▶ _WHAT THE TASK ASKS_:
Write how many lines in the records below include the string "that". No other text should be given.

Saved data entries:
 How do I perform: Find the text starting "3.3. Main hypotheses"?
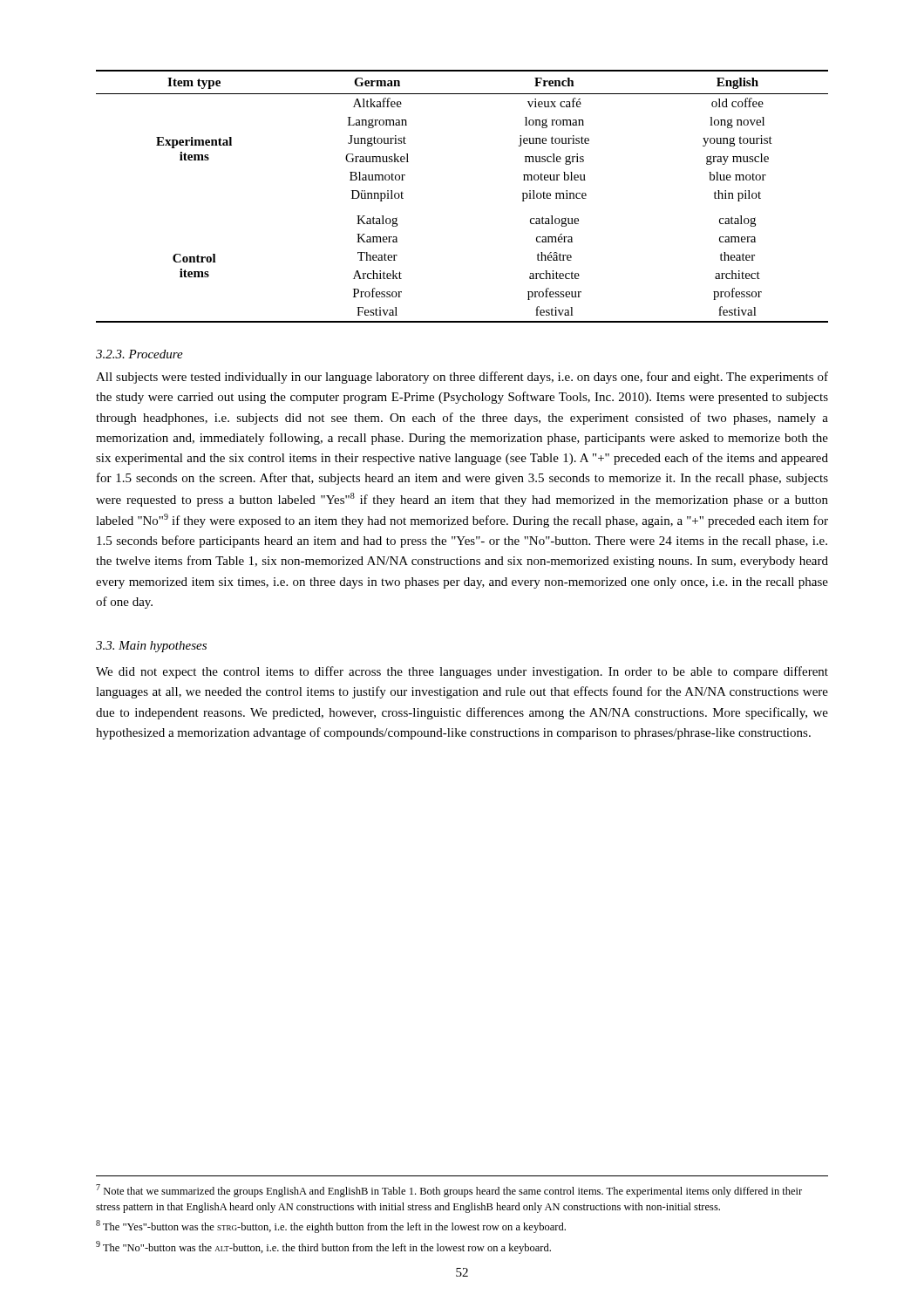point(151,645)
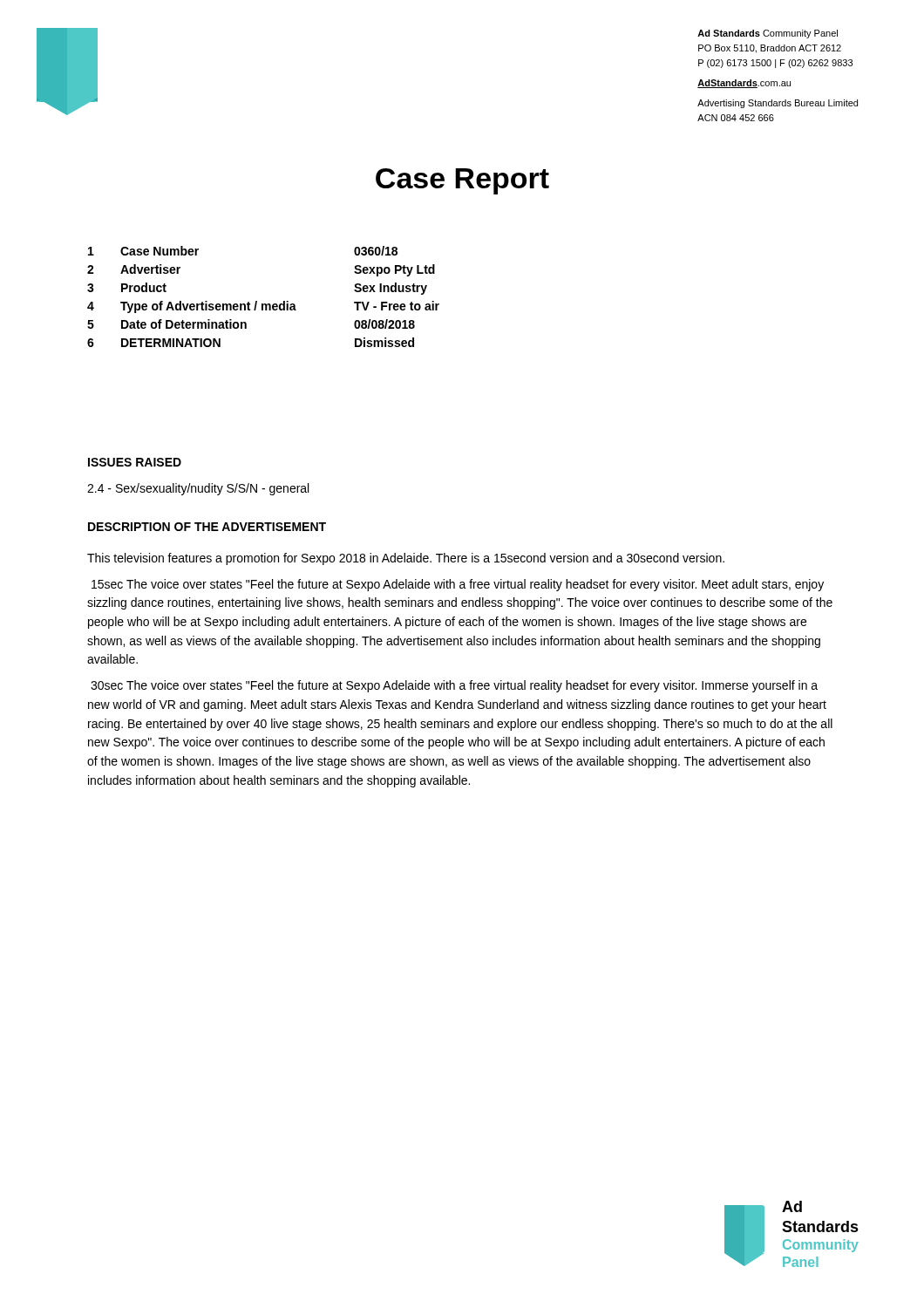Where does it say "5 Date of Determination 08/08/2018"?
This screenshot has height=1308, width=924.
point(251,324)
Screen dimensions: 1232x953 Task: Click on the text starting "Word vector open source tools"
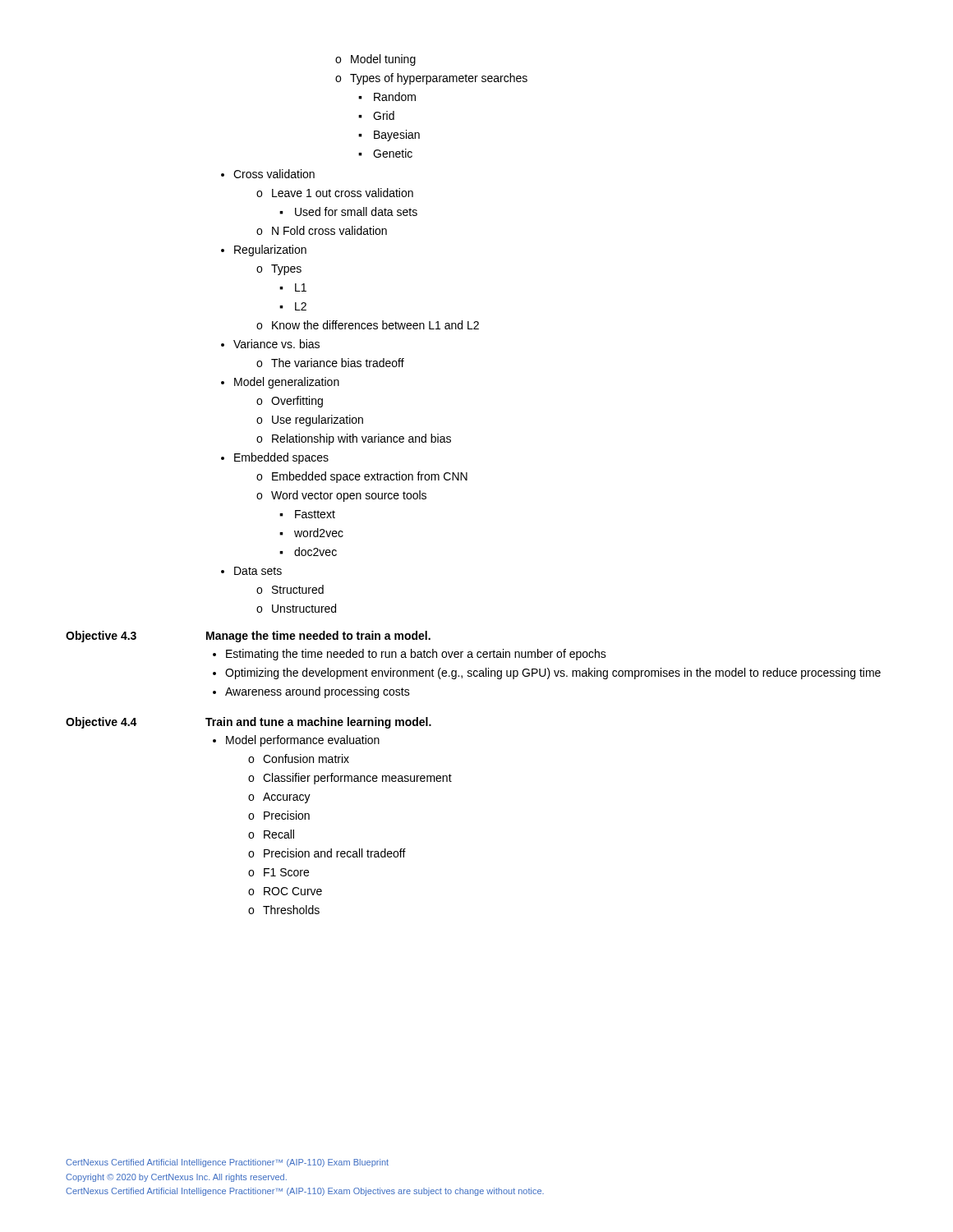coord(341,496)
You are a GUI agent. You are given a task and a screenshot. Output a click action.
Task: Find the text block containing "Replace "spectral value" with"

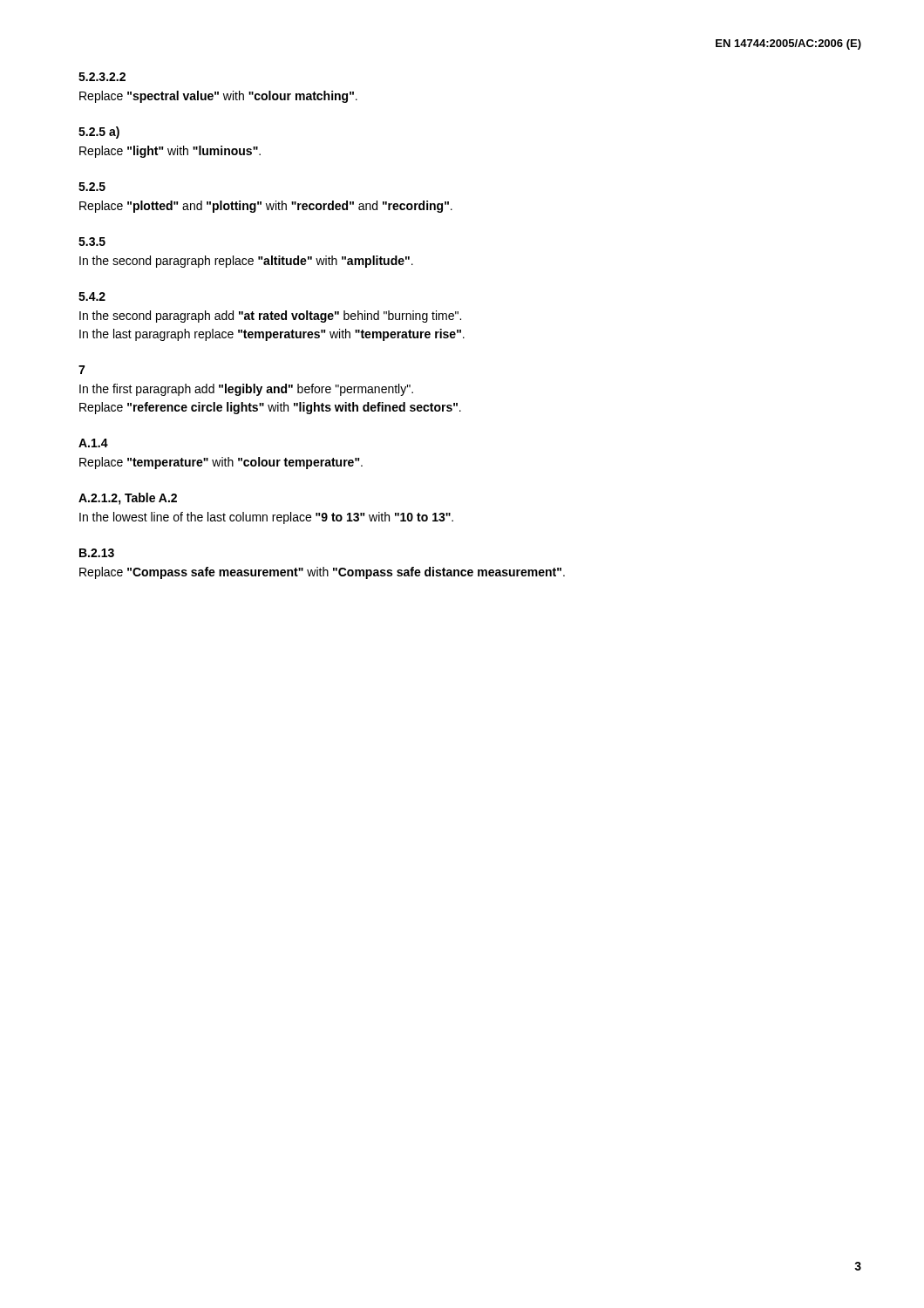click(x=218, y=96)
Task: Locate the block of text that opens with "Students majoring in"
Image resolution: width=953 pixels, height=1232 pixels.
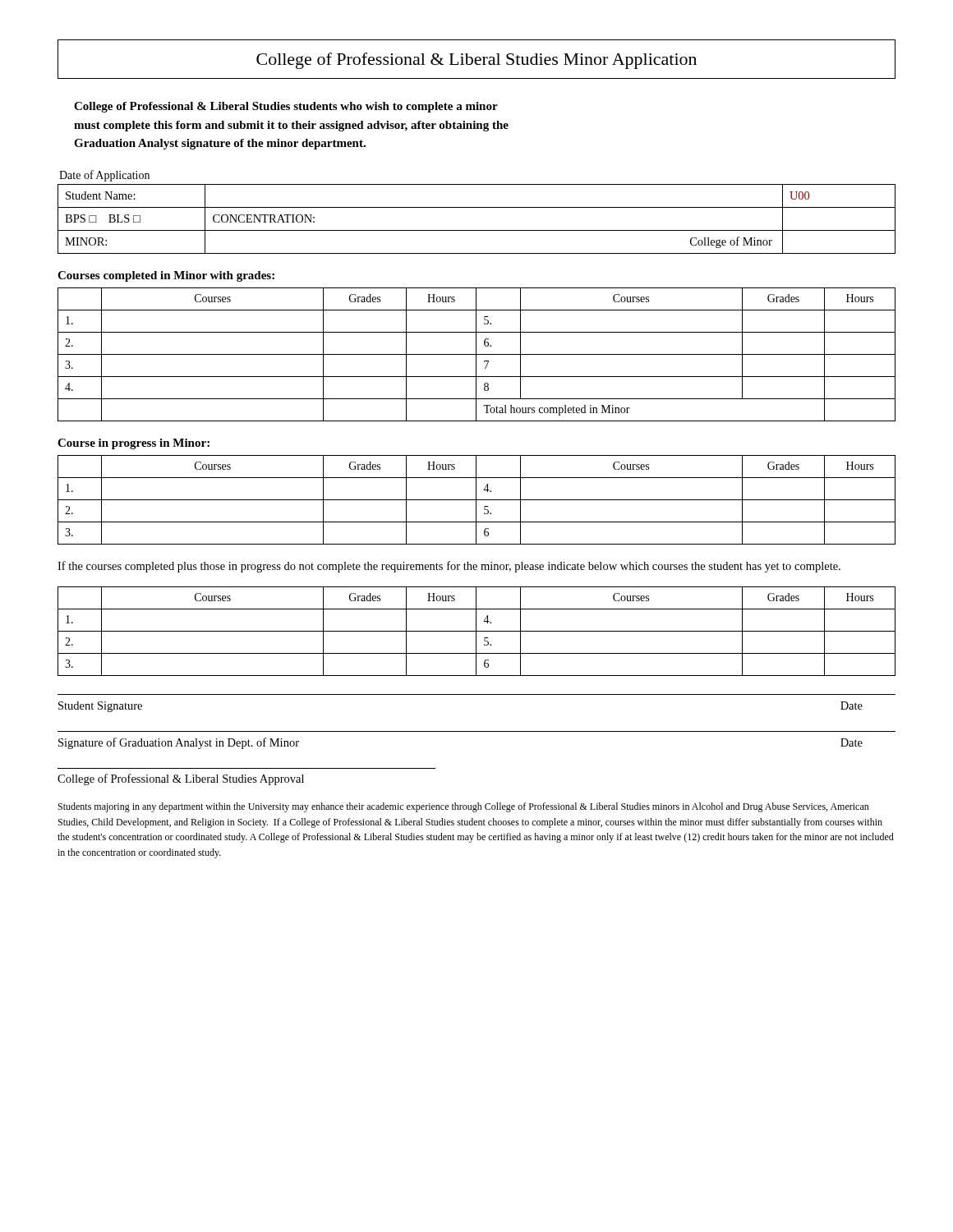Action: point(476,830)
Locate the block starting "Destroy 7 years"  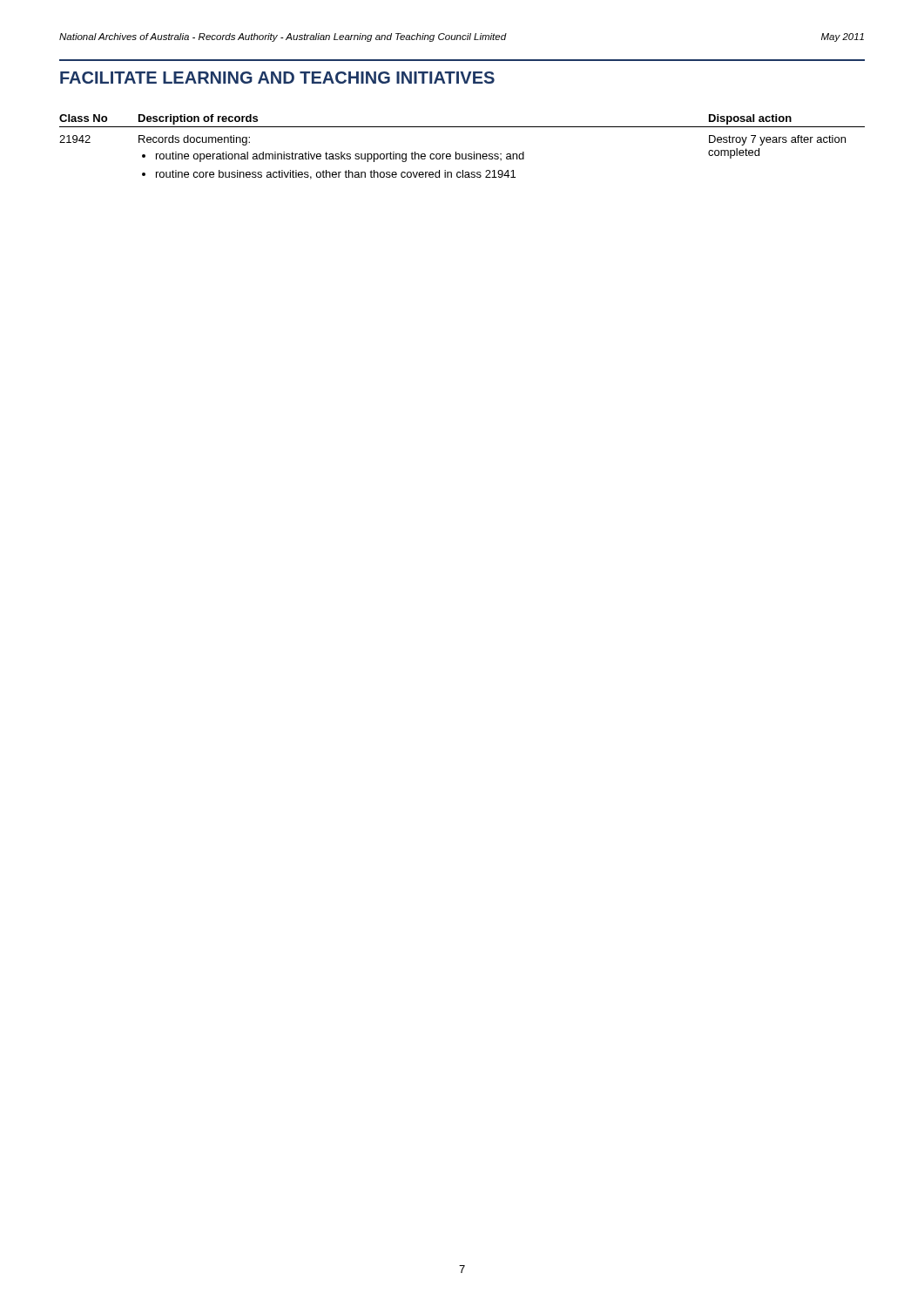pos(777,145)
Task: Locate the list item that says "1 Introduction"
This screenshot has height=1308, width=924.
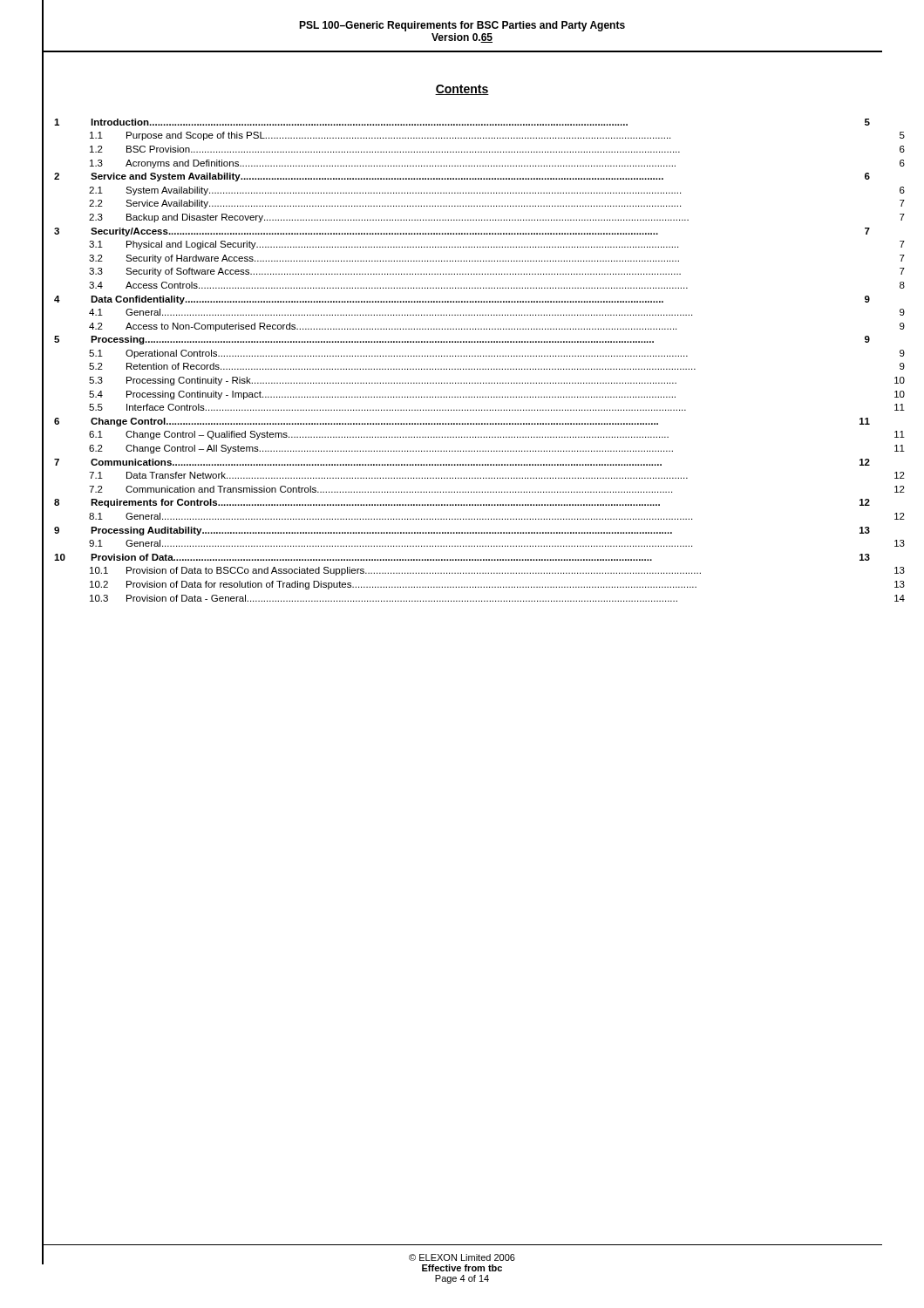Action: click(462, 122)
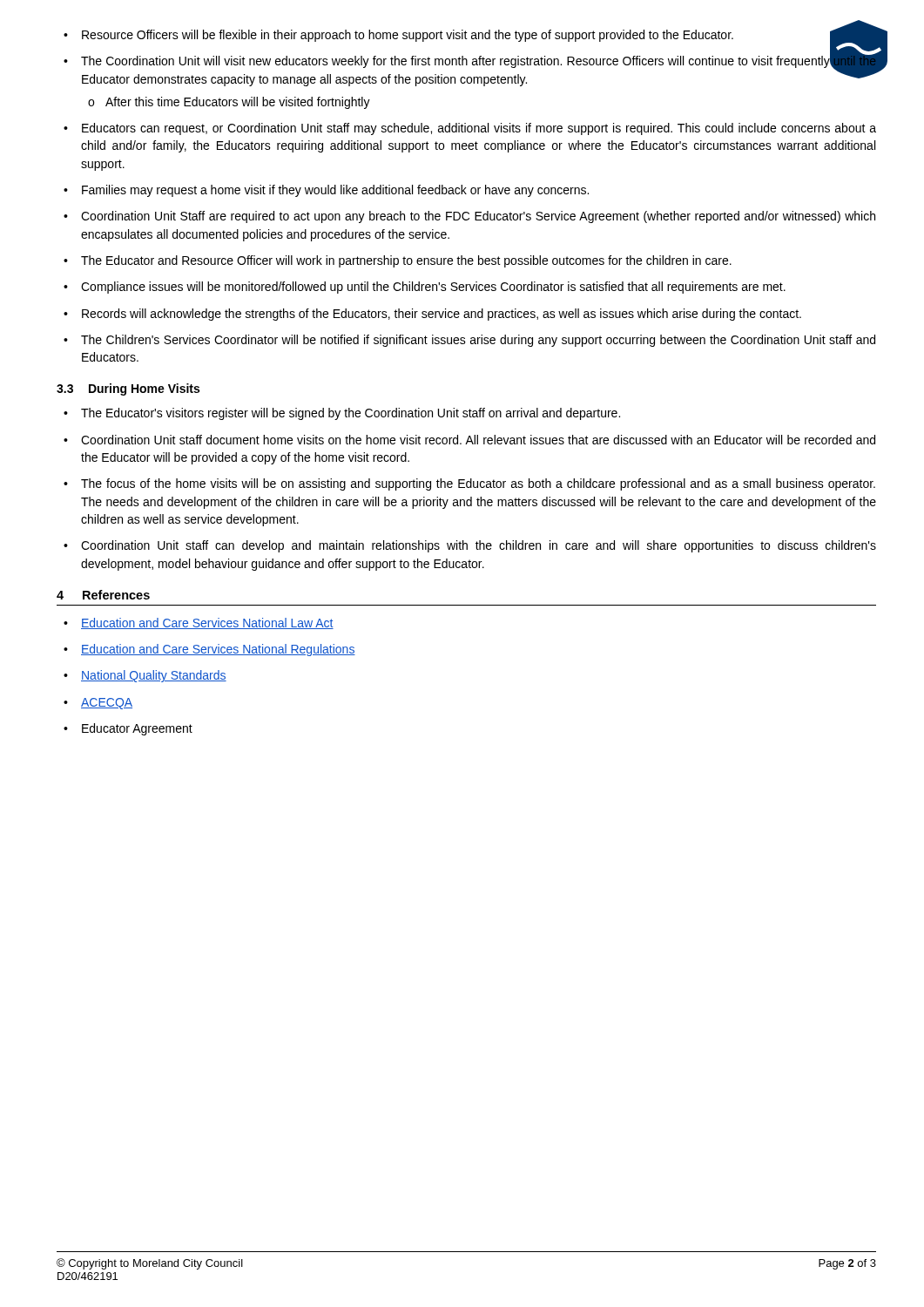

▶ _TASK RESPONSE_:
2